A study in the International Journal of Shipping and Transport Logistics addresses a longstanding gap the world of dry bulk shipping terminals, introducing a two-stage methodology that employs unsupervised machine learning techniques. The work by Iñigo L. Ansorena of the Universidad Internacional de La Rioja in Spain, focused on North European dry bulk terminals, and could improve transparency in terminal management.
Dry bulk terminals are specialist shipping facilities within a port or harbour that are designed for the handling and storage of dry bulk cargo, such as unpackaged goods shipped in large quantities like grain, coal, ore, cement, and fertilizers. These terminals play a crucial role in allowing commodities to be moved from ship to other modes of transportation such as road and rail, and other maritime vessels for onward distribution.
Ansorena looked first at terminal performance by identifying associations between various operational variables. This is achieved through the application of association rules, offering a detailed understanding of how different factors impact terminal operations. In the second stage, he used an isolation forest algorithm to calculate anomaly scores for each vessel using the terminal.

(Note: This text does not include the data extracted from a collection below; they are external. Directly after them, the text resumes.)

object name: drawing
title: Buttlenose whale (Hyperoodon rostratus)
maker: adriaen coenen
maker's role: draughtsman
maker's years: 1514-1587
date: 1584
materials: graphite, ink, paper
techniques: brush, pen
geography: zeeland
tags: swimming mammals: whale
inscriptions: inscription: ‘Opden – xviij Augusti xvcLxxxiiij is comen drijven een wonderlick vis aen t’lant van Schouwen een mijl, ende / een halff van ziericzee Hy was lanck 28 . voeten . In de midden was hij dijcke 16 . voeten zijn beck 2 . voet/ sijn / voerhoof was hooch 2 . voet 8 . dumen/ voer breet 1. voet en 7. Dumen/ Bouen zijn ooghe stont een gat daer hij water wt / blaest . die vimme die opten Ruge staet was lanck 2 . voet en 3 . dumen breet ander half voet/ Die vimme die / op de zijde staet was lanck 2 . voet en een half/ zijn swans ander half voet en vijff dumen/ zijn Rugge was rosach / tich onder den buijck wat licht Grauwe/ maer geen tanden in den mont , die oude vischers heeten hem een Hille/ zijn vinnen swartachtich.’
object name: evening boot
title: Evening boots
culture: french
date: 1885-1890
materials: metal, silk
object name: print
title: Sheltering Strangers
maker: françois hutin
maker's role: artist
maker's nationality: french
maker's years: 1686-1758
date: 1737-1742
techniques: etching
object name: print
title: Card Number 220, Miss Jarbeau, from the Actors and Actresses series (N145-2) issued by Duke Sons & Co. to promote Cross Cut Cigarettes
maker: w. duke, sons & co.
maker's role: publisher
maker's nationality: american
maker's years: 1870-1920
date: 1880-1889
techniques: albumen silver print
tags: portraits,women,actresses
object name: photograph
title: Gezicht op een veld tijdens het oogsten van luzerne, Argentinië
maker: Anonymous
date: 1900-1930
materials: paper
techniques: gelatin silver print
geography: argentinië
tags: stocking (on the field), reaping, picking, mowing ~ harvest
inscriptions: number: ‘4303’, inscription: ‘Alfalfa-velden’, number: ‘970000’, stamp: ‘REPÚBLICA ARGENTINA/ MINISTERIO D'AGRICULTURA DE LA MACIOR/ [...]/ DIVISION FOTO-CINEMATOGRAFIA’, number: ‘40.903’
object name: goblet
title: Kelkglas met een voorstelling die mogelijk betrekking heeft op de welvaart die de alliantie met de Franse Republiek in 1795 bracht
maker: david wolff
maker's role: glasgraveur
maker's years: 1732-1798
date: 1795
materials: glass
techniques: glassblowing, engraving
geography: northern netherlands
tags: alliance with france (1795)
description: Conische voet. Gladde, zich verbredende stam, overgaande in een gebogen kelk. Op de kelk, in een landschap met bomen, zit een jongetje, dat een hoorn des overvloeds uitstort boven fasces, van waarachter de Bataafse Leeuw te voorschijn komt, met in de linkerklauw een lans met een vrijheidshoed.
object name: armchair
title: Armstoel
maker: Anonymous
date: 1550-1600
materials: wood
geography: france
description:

He points out that those vessels with scores exceeding 60% are flagged as anomalous and so their activities can be investigated further to identify issues in the services provided by the terminal and whether those problems are attributable to the terminal operator in the first place. This dual approach to assessing a terminal could be used to improve practices and also guide better contractual agreements between shipping companies and terminal operators in the future. The work underscores how machine learning techniques can be used in unusual contexts for analysis.
The research focused on dry bulk terminals in a specific region, but the same methodology has potential to be used elsewhere and for shipping terminals with different kinds of layouts and operational procedures. Indeed, the adaptability of this methodology is its strength for such analyses and could be used in a wide variety of context to improve logistics management.
Ansorena, I.L. (2023) ‘Service anomaly detection in dry bulk terminals: a machine learning approach’, Int. J. Shipping and Transport Logistics, Vol. 17, No. 3, pp.281–302.